Luxendo SPIM AIM lattice light-sheet microscope for live cell imaging

Scitech presents the new LuxendoInVi SPIM AIM lattice light-sheet
microscope featuring an advanced illumination module (AIM) for lowest
phototoxicity light-sheet fluorescence microscopy of live samples.

Leveraging the general benefits of single-plane illumination microscopy
(SPIM) with high-photon efficiency and short illumination times, the new module
enables the user to interactively customise the light-sheet shape to tailor the
system to a particular specimen’s requirements. A variety of illumination
patterns, including single or multiple variable Bessel beams, lattice light
sheets, and structured illumination provide a much greater range of
single-instrument research possibilities for rapid, higher resolution 3D
imaging of living cells.

The LuxendoInVi SPIM AIM lattice light-sheet microscope uses the
high-performance InVi platform for gentle long-term imaging with precise
control of physiological conditions.

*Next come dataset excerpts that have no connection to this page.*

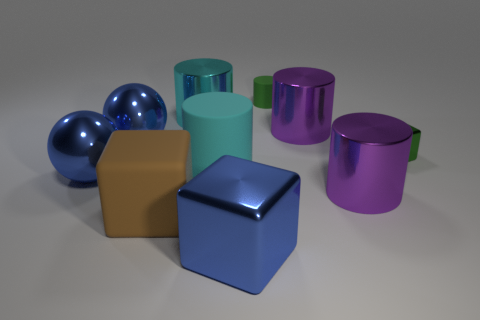Subtract 1 cylinders. How many cylinders are left? 4 Subtract all green cylinders. How many cylinders are left? 4 Subtract all green cylinders. How many cylinders are left? 4 Subtract all blue cylinders. Subtract all green spheres. How many cylinders are left? 5 Subtract all cubes. How many objects are left? 7 Subtract 2 purple cylinders. How many objects are left? 8 Subtract all big purple metal cylinders. Subtract all big blue balls. How many objects are left? 6 Add 1 large blue blocks. How many large blue blocks are left? 2 Add 3 large cubes. How many large cubes exist? 5 
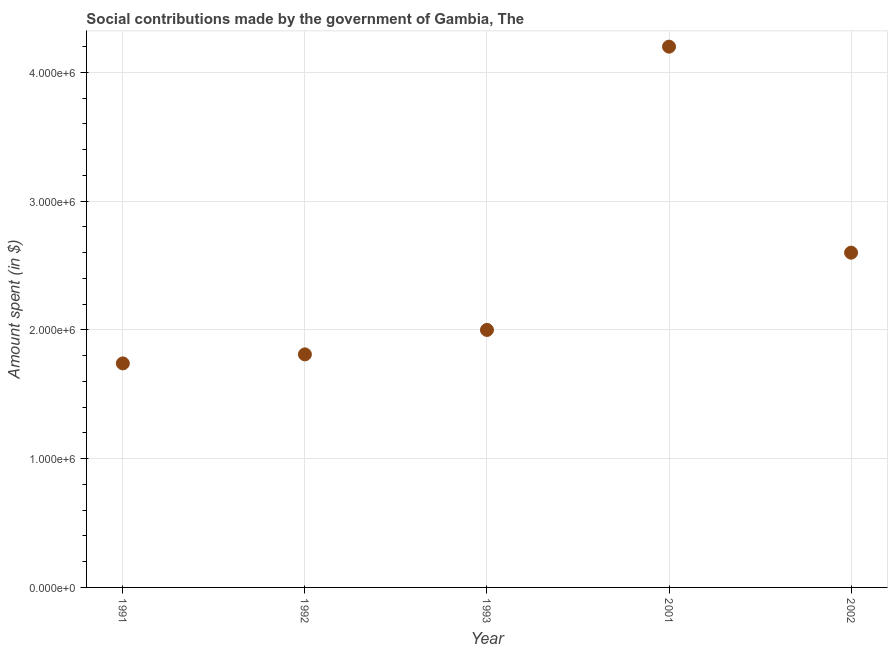What is the amount spent in making social contributions in 1992?
Ensure brevity in your answer.  1.81e+06. Across all years, what is the maximum amount spent in making social contributions?
Provide a short and direct response. 4.20e+06. Across all years, what is the minimum amount spent in making social contributions?
Your answer should be compact. 1.74e+06. In which year was the amount spent in making social contributions maximum?
Your answer should be very brief. 2001. In which year was the amount spent in making social contributions minimum?
Keep it short and to the point. 1991. What is the sum of the amount spent in making social contributions?
Make the answer very short. 1.24e+07. What is the difference between the amount spent in making social contributions in 1991 and 2001?
Your answer should be compact. -2.46e+06. What is the average amount spent in making social contributions per year?
Your response must be concise. 2.47e+06. What is the median amount spent in making social contributions?
Keep it short and to the point. 2.00e+06. In how many years, is the amount spent in making social contributions greater than 1800000 $?
Your answer should be compact. 4. What is the ratio of the amount spent in making social contributions in 1992 to that in 2002?
Your answer should be compact. 0.7. Is the amount spent in making social contributions in 1992 less than that in 1993?
Make the answer very short. Yes. Is the difference between the amount spent in making social contributions in 1991 and 2002 greater than the difference between any two years?
Offer a very short reply. No. What is the difference between the highest and the second highest amount spent in making social contributions?
Your answer should be very brief. 1.60e+06. Is the sum of the amount spent in making social contributions in 1991 and 2001 greater than the maximum amount spent in making social contributions across all years?
Provide a short and direct response. Yes. What is the difference between the highest and the lowest amount spent in making social contributions?
Keep it short and to the point. 2.46e+06. In how many years, is the amount spent in making social contributions greater than the average amount spent in making social contributions taken over all years?
Provide a succinct answer. 2. How many dotlines are there?
Provide a short and direct response. 1. What is the difference between two consecutive major ticks on the Y-axis?
Your answer should be compact. 1.00e+06. Does the graph contain grids?
Your answer should be compact. Yes. What is the title of the graph?
Provide a succinct answer. Social contributions made by the government of Gambia, The. What is the label or title of the X-axis?
Offer a terse response. Year. What is the label or title of the Y-axis?
Your response must be concise. Amount spent (in $). What is the Amount spent (in $) in 1991?
Offer a very short reply. 1.74e+06. What is the Amount spent (in $) in 1992?
Ensure brevity in your answer.  1.81e+06. What is the Amount spent (in $) in 2001?
Keep it short and to the point. 4.20e+06. What is the Amount spent (in $) in 2002?
Keep it short and to the point. 2.60e+06. What is the difference between the Amount spent (in $) in 1991 and 1992?
Your answer should be very brief. -7.00e+04. What is the difference between the Amount spent (in $) in 1991 and 2001?
Give a very brief answer. -2.46e+06. What is the difference between the Amount spent (in $) in 1991 and 2002?
Your answer should be very brief. -8.60e+05. What is the difference between the Amount spent (in $) in 1992 and 2001?
Provide a succinct answer. -2.39e+06. What is the difference between the Amount spent (in $) in 1992 and 2002?
Ensure brevity in your answer.  -7.90e+05. What is the difference between the Amount spent (in $) in 1993 and 2001?
Your response must be concise. -2.20e+06. What is the difference between the Amount spent (in $) in 1993 and 2002?
Offer a terse response. -6.00e+05. What is the difference between the Amount spent (in $) in 2001 and 2002?
Offer a very short reply. 1.60e+06. What is the ratio of the Amount spent (in $) in 1991 to that in 1993?
Your answer should be compact. 0.87. What is the ratio of the Amount spent (in $) in 1991 to that in 2001?
Offer a terse response. 0.41. What is the ratio of the Amount spent (in $) in 1991 to that in 2002?
Your answer should be compact. 0.67. What is the ratio of the Amount spent (in $) in 1992 to that in 1993?
Offer a very short reply. 0.91. What is the ratio of the Amount spent (in $) in 1992 to that in 2001?
Your response must be concise. 0.43. What is the ratio of the Amount spent (in $) in 1992 to that in 2002?
Provide a succinct answer. 0.7. What is the ratio of the Amount spent (in $) in 1993 to that in 2001?
Make the answer very short. 0.48. What is the ratio of the Amount spent (in $) in 1993 to that in 2002?
Make the answer very short. 0.77. What is the ratio of the Amount spent (in $) in 2001 to that in 2002?
Provide a short and direct response. 1.61.

It has been designed to combine the
advantages of several different illumination approaches to deliver the
flexibility required to further optimise bio-imaging experiments from a large
field-of-view and extraordinarily high temporal sampling to spatial resolution
at the physical limit.

The new Advanced Illumination Module (AIM) dramatically expands the
capabilities of the InVi SPIM systems with a choice for the optimal light-sheet
for experimental requirements, leading to better resolved images. This
next-generation, lattice light-sheet microscope gives researchers – for the
first time – the freedom to customise the light sheet and tune the microscope
to a specific biological application, providing advantages in live-cell investigations
with higher resolution.

The system maintains the ease of use and stability of the InVi SPIM,
while enabling illumination of the sample with flexible light-sheet patterns.
These patterns include the classical static Gaussian light-sheet and the scanned
Gaussian beam, as well as sophisticated illumination schemes such as Bessel
beams or lattice light-sheets, improving the microscope’s resolution in time
and space, while minimising phototoxic effects. The light-sheet geometry can be
adapted to the sample in an easy, completely computer-controlled manner to
offer cutting-edge, high-resolution imaging in an unprecedented user-friendly
framework.

For more information, please visit the Scitech website www.scitech.com.au or call (03) 9480 4999.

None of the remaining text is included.